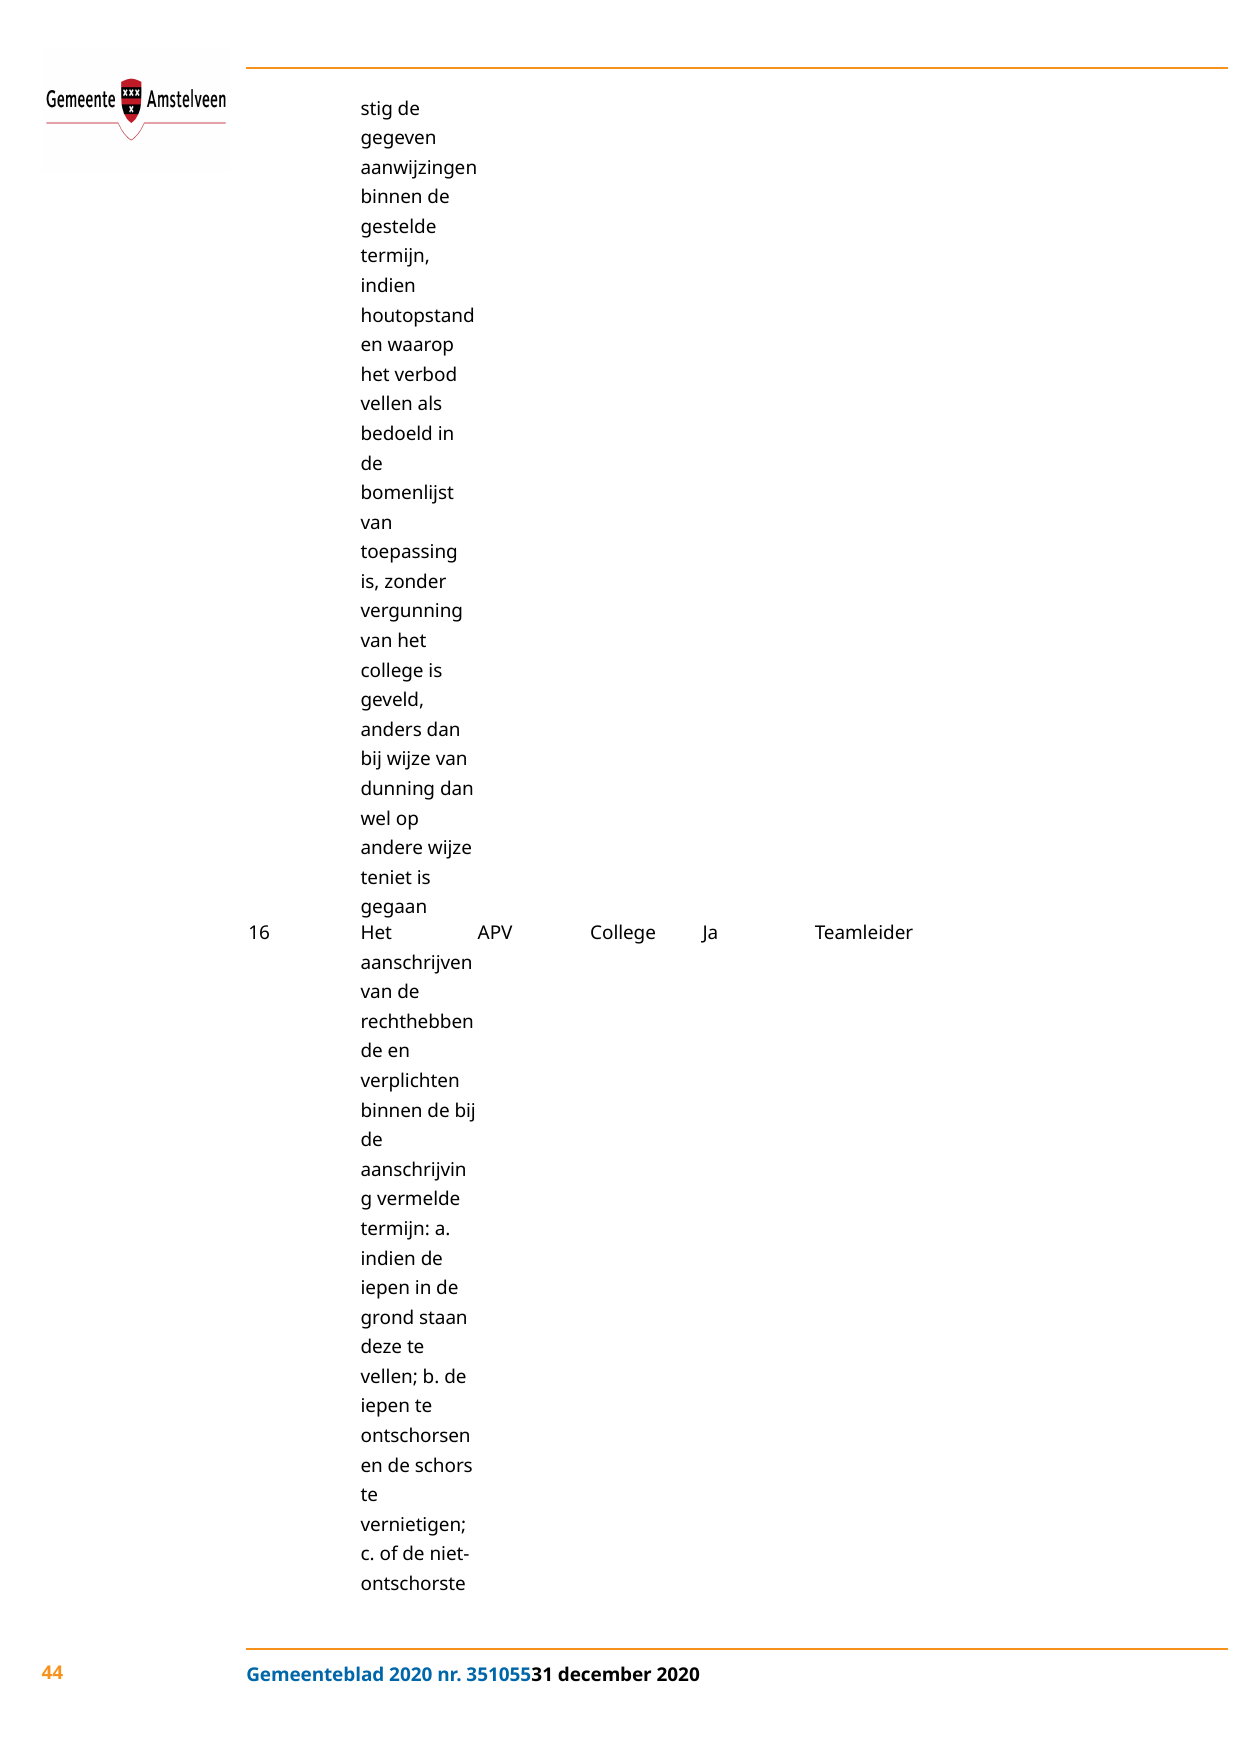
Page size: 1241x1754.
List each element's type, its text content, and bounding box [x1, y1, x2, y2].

table_cell 16 [248, 919, 360, 1596]
table_cell [590, 95, 702, 919]
table_cell Ja [702, 919, 814, 1596]
table_cell [1039, 919, 1152, 1596]
table_cell [1039, 95, 1152, 919]
table_cell Het aanschrijven van de rechthebbende en verplichten binnen de bij de aanschrijving vermelde termijn: a. indien de iepen in de grond staan deze te vellen; b. de iepen te ontschorsen en de schors te vernietigen; c. of de niet-ontschorste [360, 919, 477, 1596]
picture [41, 47, 231, 172]
table_cell [248, 95, 360, 919]
table_cell [702, 95, 814, 919]
table_cell APV [478, 919, 590, 1596]
table_cell College [590, 919, 702, 1596]
table_cell [478, 95, 590, 919]
table_cell [815, 95, 1039, 919]
table_cell Teamleider [815, 919, 1039, 1596]
table_cell stig de gegeven aanwijzingen binnen de gestelde termijn, indien houtopstanden waarop het verbod vellen als bedoeld in de bomenlijst van toepassing is, zonder vergunning van het college is geveld, anders dan bij wijze van dunning dan wel op andere wijze teniet is gegaan [360, 95, 477, 919]
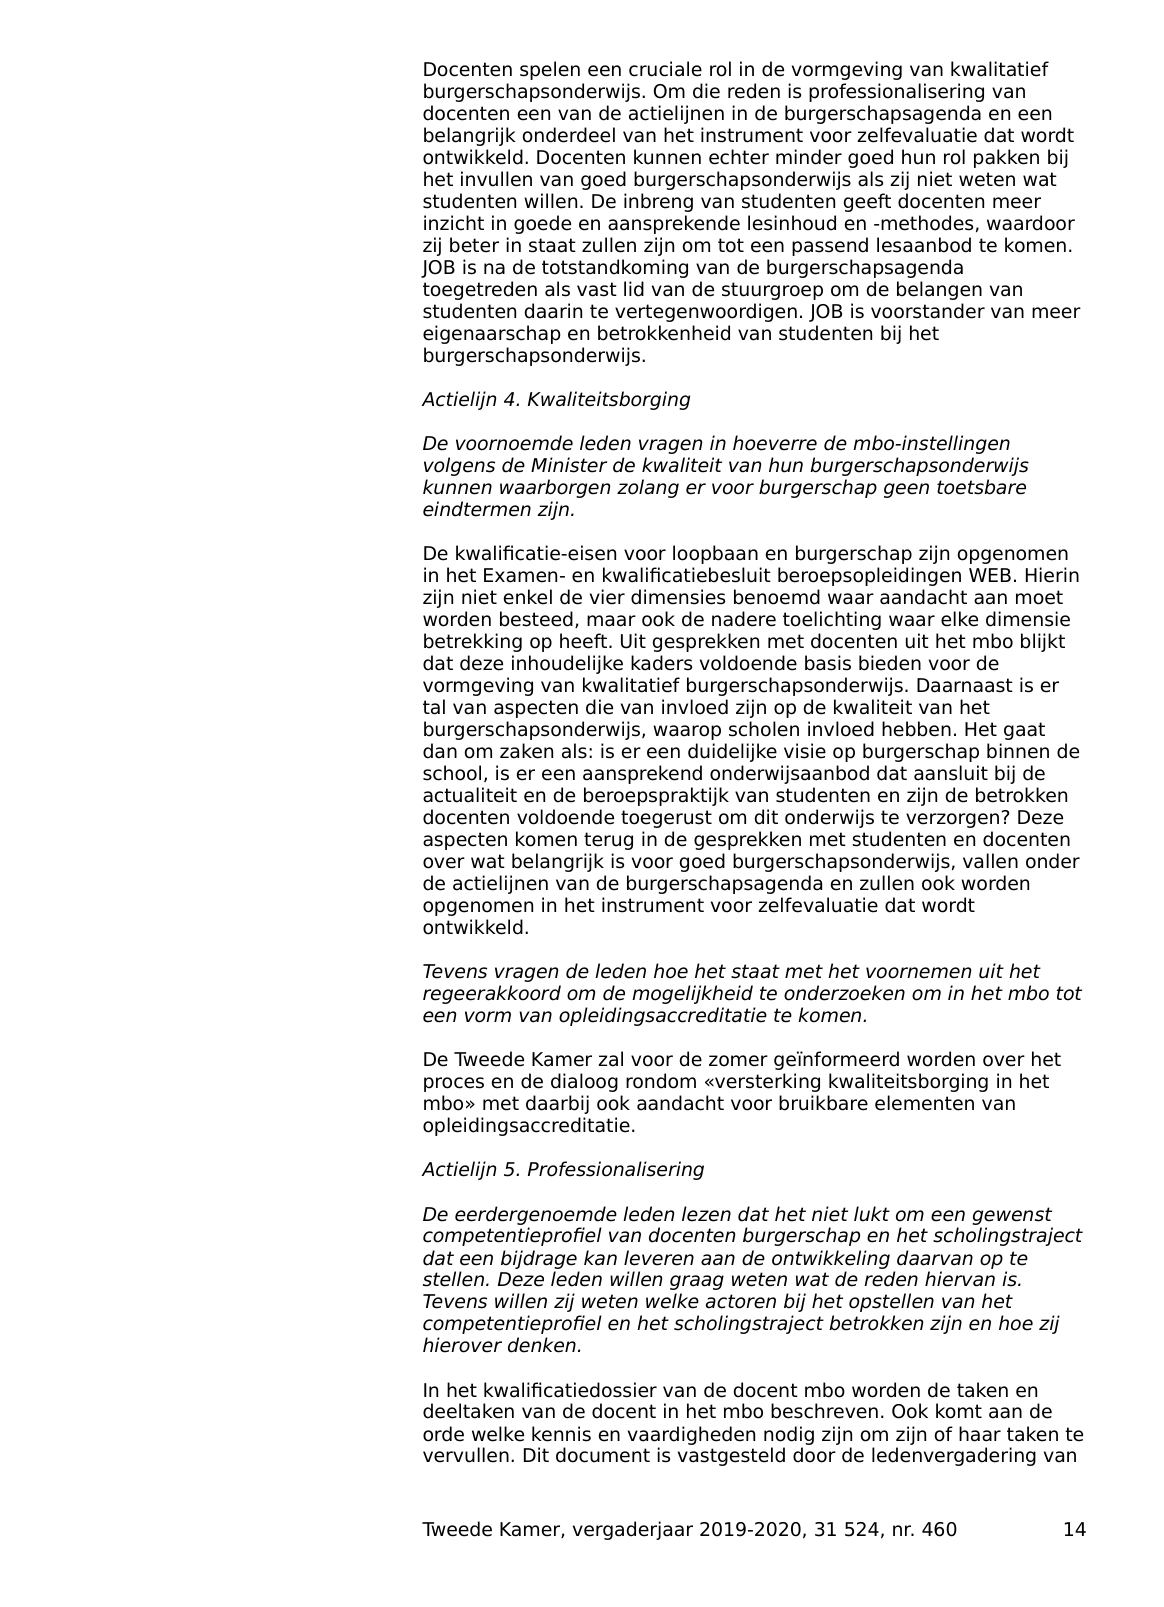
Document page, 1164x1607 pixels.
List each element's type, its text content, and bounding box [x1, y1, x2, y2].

text In het kwalificatiedossier van de docent mbo worden de taken en deeltaken van de docent in het mbo beschreven. Ook komt aan de orde welke kennis en vaardigheden nodig zijn om zijn of haar taken te vervullen. Dit document is vastgesteld door de ledenvergadering van [422, 1379, 1087, 1467]
subtitle Actielijn 4. Kwaliteitsborging [422, 389, 1087, 411]
text De kwalificatie-eisen voor loopbaan en burgerschap zijn opgenomen in het Examen- en kwalificatiebesluit beroepsopleidingen WEB. Hierin zijn niet enkel de vier dimensies benoemd waar aandacht aan moet worden besteed, maar ook de nadere toelichting waar elke dimensie betrekking op heeft. Uit gesprekken met docenten uit het mbo blijkt dat deze inhoudelijke kaders voldoende basis bieden voor de vormgeving van kwalitatief burgerschapsonderwijs. Daarnaast is er tal van aspecten die van invloed zijn op de kwaliteit van het burgerschapsonderwijs, waarop scholen invloed hebben. Het gaat dan om zaken als: is er een duidelijke visie op burgerschap binnen de school, is er een aansprekend onderwijsaanbod dat aansluit bij de actualiteit en de beroepspraktijk van studenten en zijn de betrokken docenten voldoende toegerust om dit onderwijs te verzorgen? Deze aspecten komen terug in de gesprekken met studenten en docenten over wat belangrijk is voor goed burgerschapsonderwijs, vallen onder de actielijnen van de burgerschapsagenda en zullen ook worden opgenomen in het instrument voor zelfevaluatie dat wordt ontwikkeld. [422, 543, 1087, 939]
text Docenten spelen een cruciale rol in de vormgeving van kwalitatief burgerschapsonderwijs. Om die reden is professionalisering van docenten een van de actielijnen in de burgerschapsagenda en een belangrijk onderdeel van het instrument voor zelfevaluatie dat wordt ontwikkeld. Docenten kunnen echter minder goed hun rol pakken bij het invullen van goed burgerschapsonderwijs als zij niet weten wat studenten willen. De inbreng van studenten geeft docenten meer inzicht in goede en aansprekende lesinhoud en -methodes, waardoor zij beter in staat zullen zijn om tot een passend lesaanbod te komen. [422, 59, 1087, 257]
subtitle Actielijn 5. Professionalisering [422, 1159, 1087, 1181]
text De voornoemde leden vragen in hoeverre de mbo-instellingen volgens de Minister de kwaliteit van hun burgerschapsonderwijs kunnen waarborgen zolang er voor burgerschap geen toetsbare eindtermen zijn. [422, 433, 1087, 521]
text De eerdergenoemde leden lezen dat het niet lukt om een gewenst competentieprofiel van docenten burgerschap en het scholingstraject dat een bijdrage kan leveren aan de ontwikkeling daarvan op te stellen. Deze leden willen graag weten wat de reden hiervan is. Tevens willen zij weten welke actoren bij het opstellen van het competentieprofiel en het scholingstraject betrokken zijn en hoe zij hierover denken. [422, 1203, 1087, 1357]
text Tevens vragen de leden hoe het staat met het voornemen uit het regeerakkoord om de mogelijkheid te onderzoeken om in het mbo tot een vorm van opleidingsaccreditatie te komen. [422, 961, 1087, 1027]
text JOB is na de totstandkoming van de burgerschapsagenda toegetreden als vast lid van de stuurgroep om de belangen van studenten daarin te vertegenwoordigen. JOB is voorstander van meer eigenaarschap en betrokkenheid van studenten bij het burgerschapsonderwijs. [422, 257, 1087, 367]
text De Tweede Kamer zal voor de zomer geïnformeerd worden over het proces en de dialoog rondom «versterking kwaliteitsborging in het mbo» met daarbij ook aandacht voor bruikbare elementen van opleidingsaccreditatie. [422, 1049, 1087, 1137]
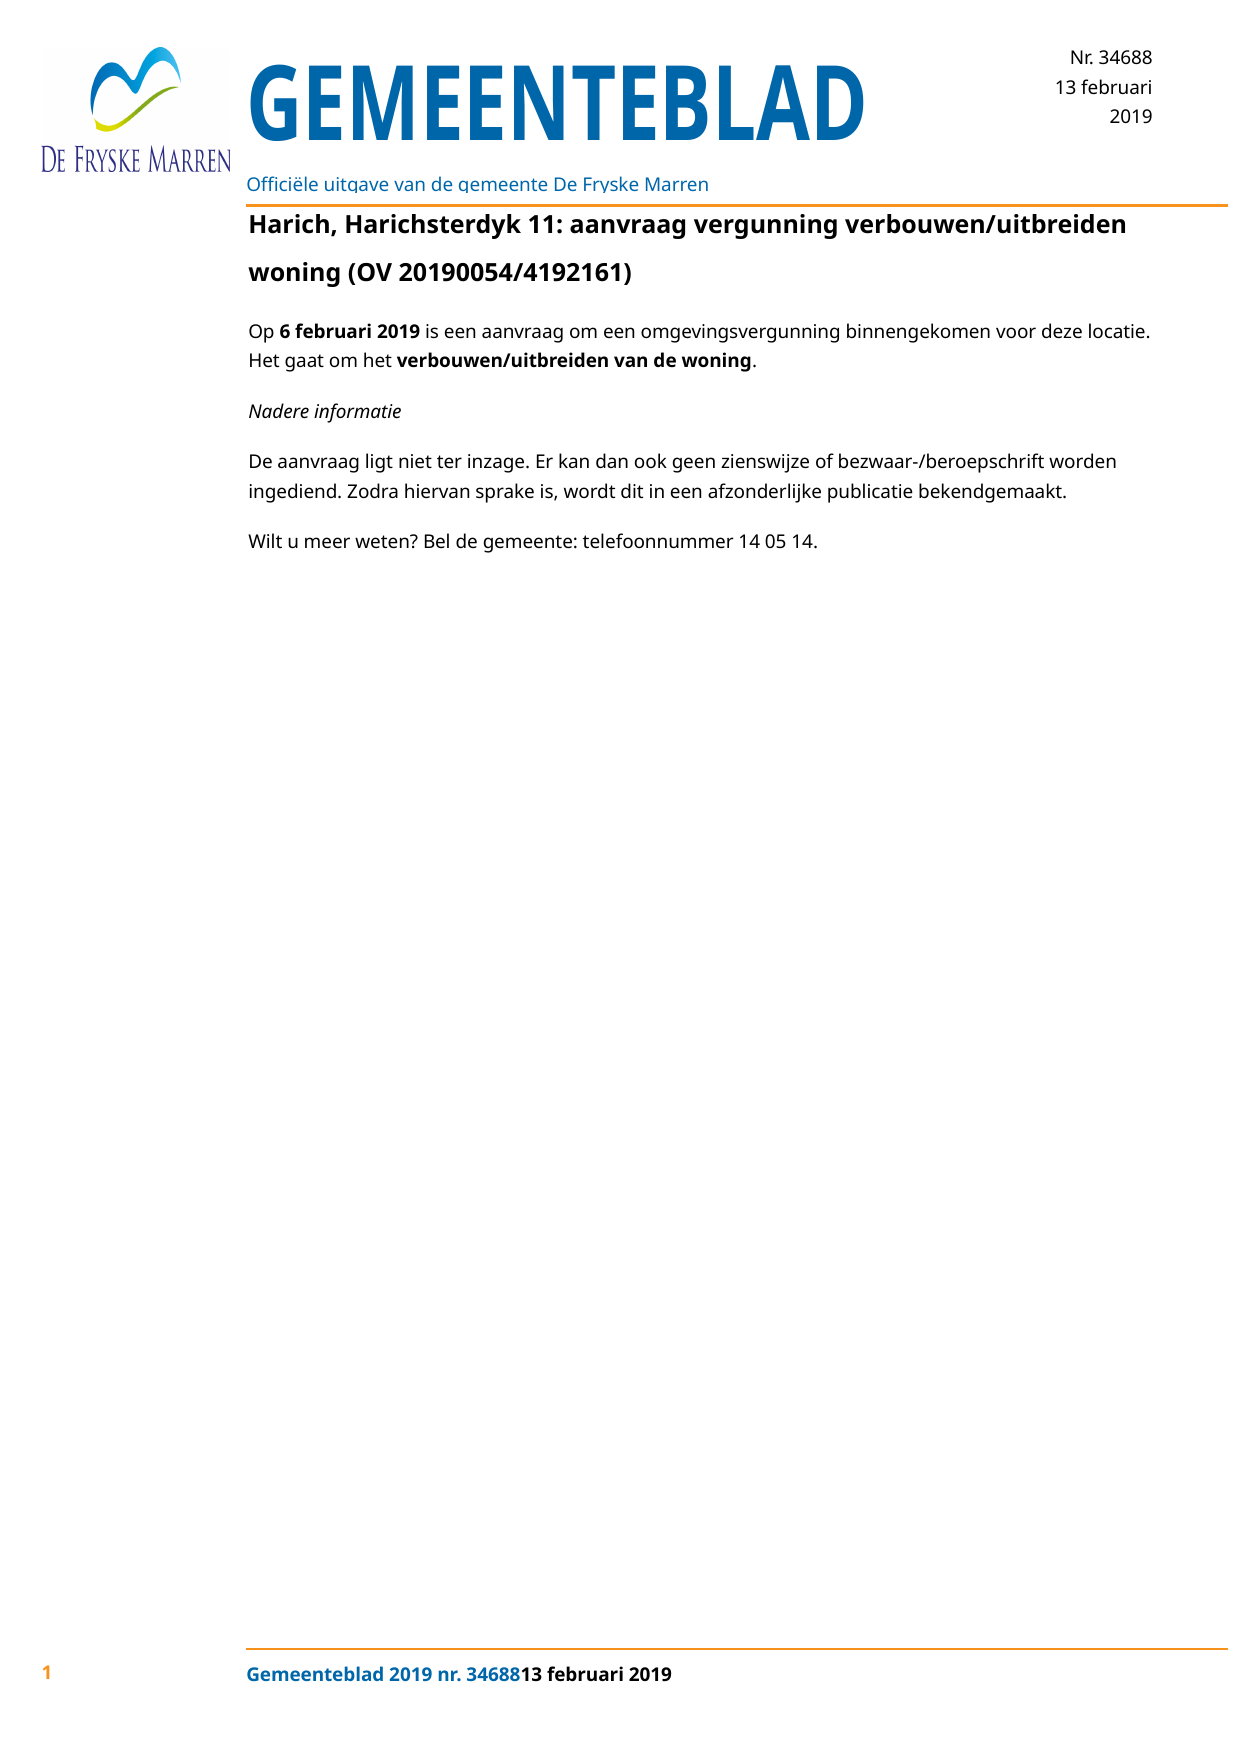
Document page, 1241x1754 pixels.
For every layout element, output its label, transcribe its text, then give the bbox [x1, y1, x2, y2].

text De aanvraag ligt niet ter inzage. Er kan dan ook geen zienswijze of bezwaar-/beroepschrift worden ingediend. Zodra hiervan sprake is, wordt dit in een afzonderlijke publicatie bekendgemaakt. [248, 448, 1152, 504]
text Harich, Harichsterdyk 11: aanvraag vergunning verbouwen/uitbreiden woning (OV 20190054/4192161) [248, 207, 1152, 288]
text Op 6 februari 2019 is een aanvraag om een omgevingsvergunning binnengekomen voor deze locatie. Het gaat om het verbouwen/uitbreiden van de woning. [248, 318, 1152, 373]
text Wilt u meer weten? Bel de gemeente: telefoonnummer 14 05 14. [248, 528, 1152, 554]
text Nadere informatie [248, 398, 1152, 424]
picture [41, 47, 231, 172]

—————

◆ What the task asks ◆
Gather up, from the records above, each line where the word "opleidingsaccreditatie" appears.

◆ Result for this task ◆
text Tevens vragen de leden hoe het staat met het voornemen uit het regeerakkoord om de mogelijkheid te onderzoeken om in het mbo tot een vorm van opleidingsaccreditatie te komen. [422, 961, 1087, 1027]
text De Tweede Kamer zal voor de zomer geïnformeerd worden over het proces en de dialoog rondom «versterking kwaliteitsborging in het mbo» met daarbij ook aandacht voor bruikbare elementen van opleidingsaccreditatie. [422, 1049, 1087, 1137]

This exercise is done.